Внезапно женщина остановилась и обернулась к нему:
– Данни мы желали только добра, – громко сказала она. – Знайте это: ничего, кроме добра!
И она снова засеменила под дождем с опущенными плечами и полиэтиленовым пакетом на волосах.
36
Он взялся за приготовление овсяной каши, стараясь довести ее до нужной густоты. Затем он достал оставшуюся половину ливерной колбасы и отрезал от нее несколько ломтиков в ожидании, пока каша закипит. Усевшись за стол, он отломил от колбасы еще несколько кусочков, бросил их в кастрюлю, добавил туда немного молока и как следует все перемешал. Овсяную кашу он любил соленой. Он знал людей, которые ели ее только с сахаром или даже с подслащенными сливками, что у него самого вызывало лишь тошноту. Ему каша нравилась густая, соленая, с молоком и ливерной колбасой – лучше даже пересоленной и с кислинкой, из тех что можно купить в январе-феврале, когда в магазинах появляются настоящие фермерские продукты. Он обожал ядреные вкусы.
По комнате плавал запах подгоревшей пищи, исходивший от брызг на варочной поверхности, оттереть которые губкой у него никогда не доходили руки. Он снял кастрюлю с конфорки, перелил кашу в миску и принялся за еду, пережевывая кусочки колбасы, в то время как из репродуктора дышащего на ладан радиоприемника доносились последние известия: сообщалось о человеке, который лежал в искусственной коме в отделении интенсивной терапии после погони полиции за двумя преступниками, завершившейся аварией на автомагистрали в Брейдхольте. Корреспондент передавал, что двое мужчин находятся под стражей в статусе подозреваемых в соучастии в контрабанде наркотиков.
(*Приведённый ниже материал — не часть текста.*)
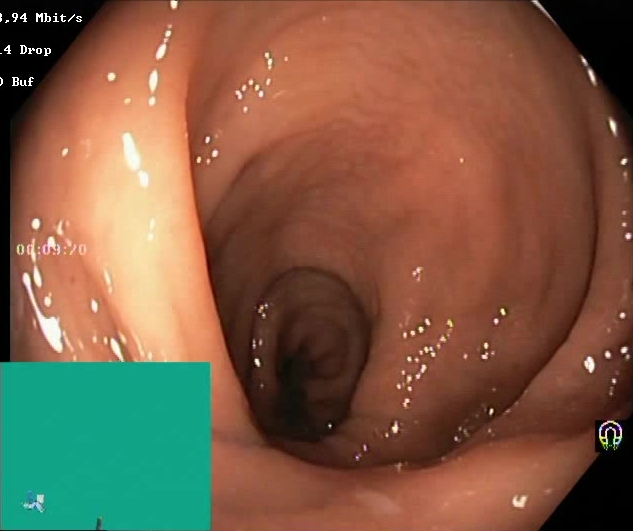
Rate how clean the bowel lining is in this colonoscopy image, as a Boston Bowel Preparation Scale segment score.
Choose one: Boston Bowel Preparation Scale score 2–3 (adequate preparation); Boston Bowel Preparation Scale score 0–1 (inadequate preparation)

Boston Bowel Preparation Scale score 2–3 (adequate preparation)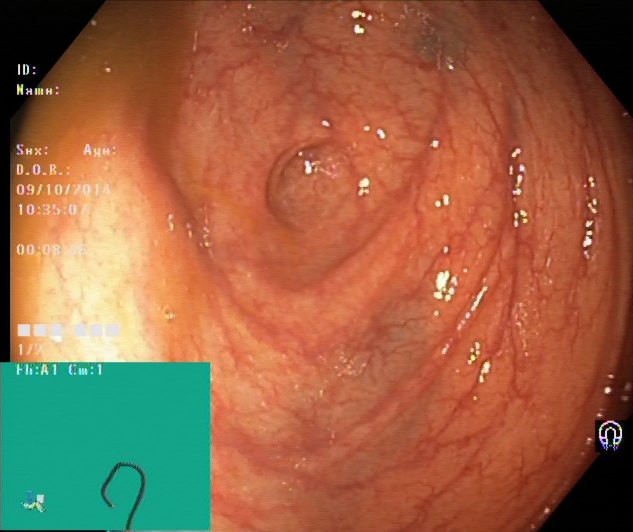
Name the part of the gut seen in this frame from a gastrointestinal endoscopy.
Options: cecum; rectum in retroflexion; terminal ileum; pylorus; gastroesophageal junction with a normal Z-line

cecum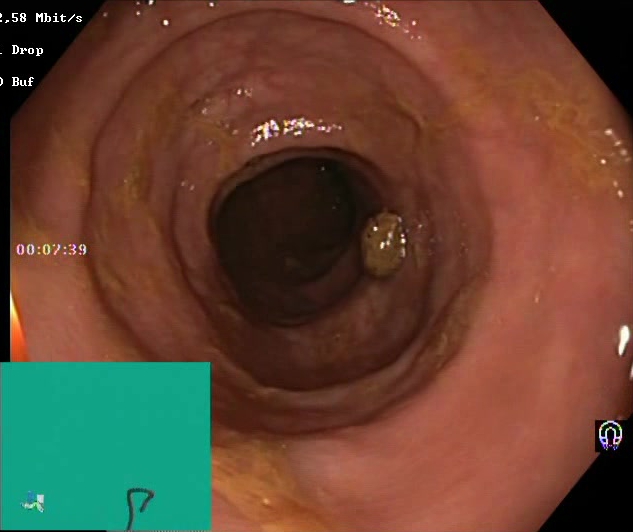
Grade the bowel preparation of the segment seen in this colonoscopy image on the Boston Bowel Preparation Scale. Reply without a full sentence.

Boston Bowel Preparation Scale score 2–3 (adequate preparation)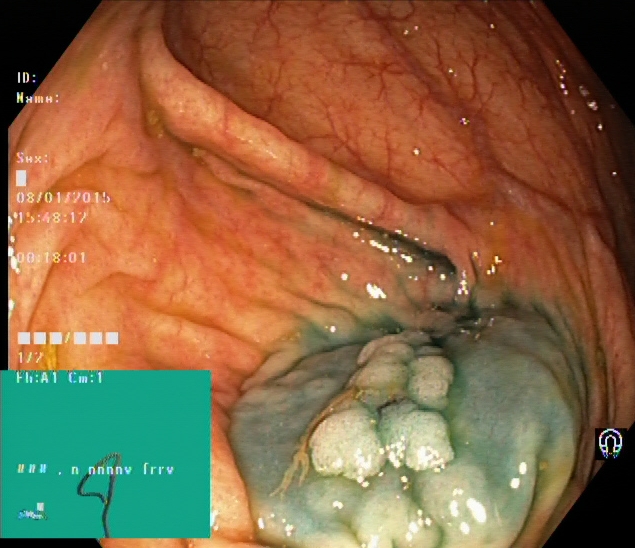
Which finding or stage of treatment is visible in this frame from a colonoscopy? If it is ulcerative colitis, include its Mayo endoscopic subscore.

dyed and lifted polyp (pre-resection)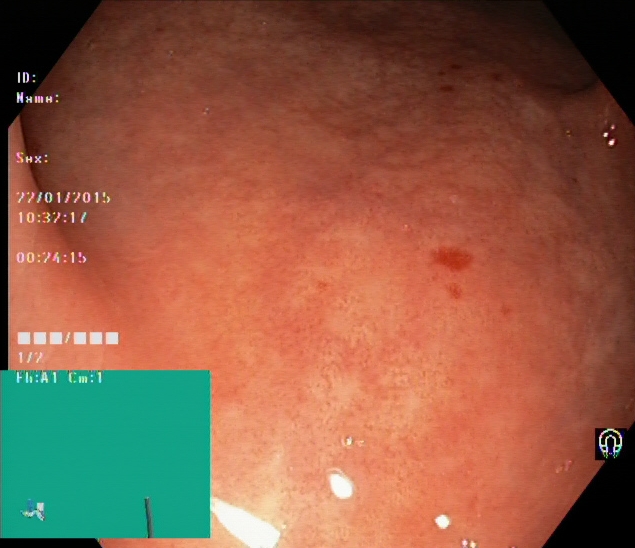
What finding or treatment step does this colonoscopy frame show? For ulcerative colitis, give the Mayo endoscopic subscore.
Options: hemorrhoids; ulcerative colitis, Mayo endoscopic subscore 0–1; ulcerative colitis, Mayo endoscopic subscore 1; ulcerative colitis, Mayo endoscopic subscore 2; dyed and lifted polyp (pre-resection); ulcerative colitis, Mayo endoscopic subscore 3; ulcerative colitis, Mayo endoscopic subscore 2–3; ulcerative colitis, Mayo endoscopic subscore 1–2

ulcerative colitis, Mayo endoscopic subscore 1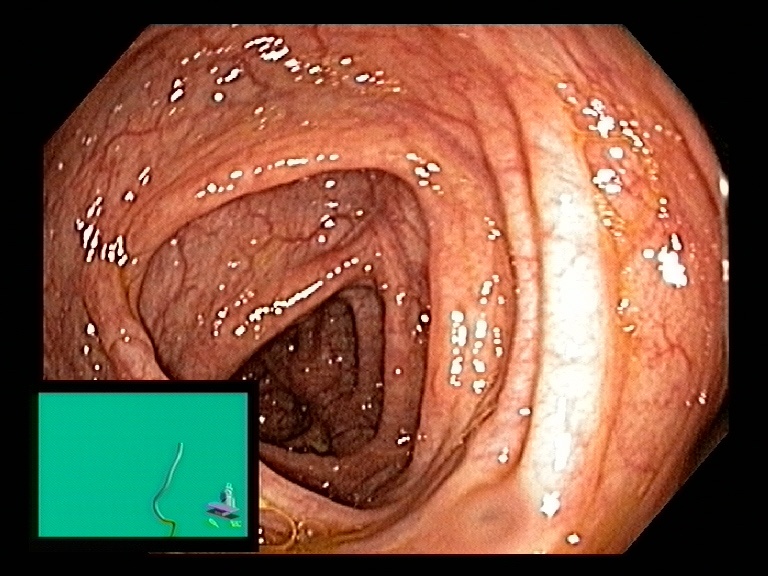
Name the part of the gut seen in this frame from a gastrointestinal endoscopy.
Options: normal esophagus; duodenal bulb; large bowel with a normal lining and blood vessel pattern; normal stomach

large bowel with a normal lining and blood vessel pattern

Слушал он рассеянно – такие новости были в порядке вещей, так что в одно ухо влетали, а в другое вылетали.
Отнеся пустую миску в раковину, он сполоснул ее горячей водой, чтобы она была готова для использования в обед на следующий день. Затем он проделал ту же процедуру с ложкой. Окон в комнате не было, а по размеру она равнялась двум смежным тюремным камерам. Возле раковины находилась плита с двумя конфорками. В коридоре имелась общая ванная с туалетом и душем, а также кухня, где стояли холодильник, телевизор и еще одна плита, которой он, однако, почти не пользовался, предпочитая две конфорки у себя в комнате. У одной из продолговатых стен притулилась продавленная койка в компании стола и стула. Перед плитой располагался столик поменьше. Вся эта «роскошь» была включена в арендную плату. Его собственные пожитки – одежда да пара-тройка предметов личного пользования – хранились в стоящей на полу коробке.
На его этаже были расположены четыре комнаты под сдачу. В каждой из них проживал один человек, и все жильцы были ему под стать: одинокие как перст.
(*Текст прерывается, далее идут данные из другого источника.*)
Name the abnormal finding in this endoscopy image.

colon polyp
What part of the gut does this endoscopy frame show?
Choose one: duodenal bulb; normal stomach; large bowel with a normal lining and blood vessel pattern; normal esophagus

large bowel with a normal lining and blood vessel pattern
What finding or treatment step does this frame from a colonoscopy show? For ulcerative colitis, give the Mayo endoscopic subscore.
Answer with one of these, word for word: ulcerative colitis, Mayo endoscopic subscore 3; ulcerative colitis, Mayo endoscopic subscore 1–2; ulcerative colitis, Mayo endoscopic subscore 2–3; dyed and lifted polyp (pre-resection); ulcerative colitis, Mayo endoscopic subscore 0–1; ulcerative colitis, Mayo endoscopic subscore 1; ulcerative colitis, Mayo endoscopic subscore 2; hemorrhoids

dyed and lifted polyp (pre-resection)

Между собой они контактов тоже особенно не поддерживали. Он жил здесь дольше остальных. Другие приходили и уходили: лица, что он видел в коридоре или в кухне, постоянно менялись. Бывали среди них и поляки в поисках работы, и туристы… А может, и не туристы: с соседями он едва ли когда перекидывался парой слов.
Из своей комнаты он раньше полудня и носа не казал: обедал, слушал последние известия по радио, потом одевался по сезону, выходил на улицу и неторопливым шагом направлялся в западную часть города. Заглядывал в супермаркет, чтобы купить еды на вечер, кофе и чистящие средства, без которых было совсем уж не обойтись: с тех пор, как резко поднялась арендная плата, денег у него было в обрез. Иногда он спускался в порт поглазеть на причаливающие и уже пришвартованные суда. Добрую часть своей жизни он провел в море и скучал по тем временам.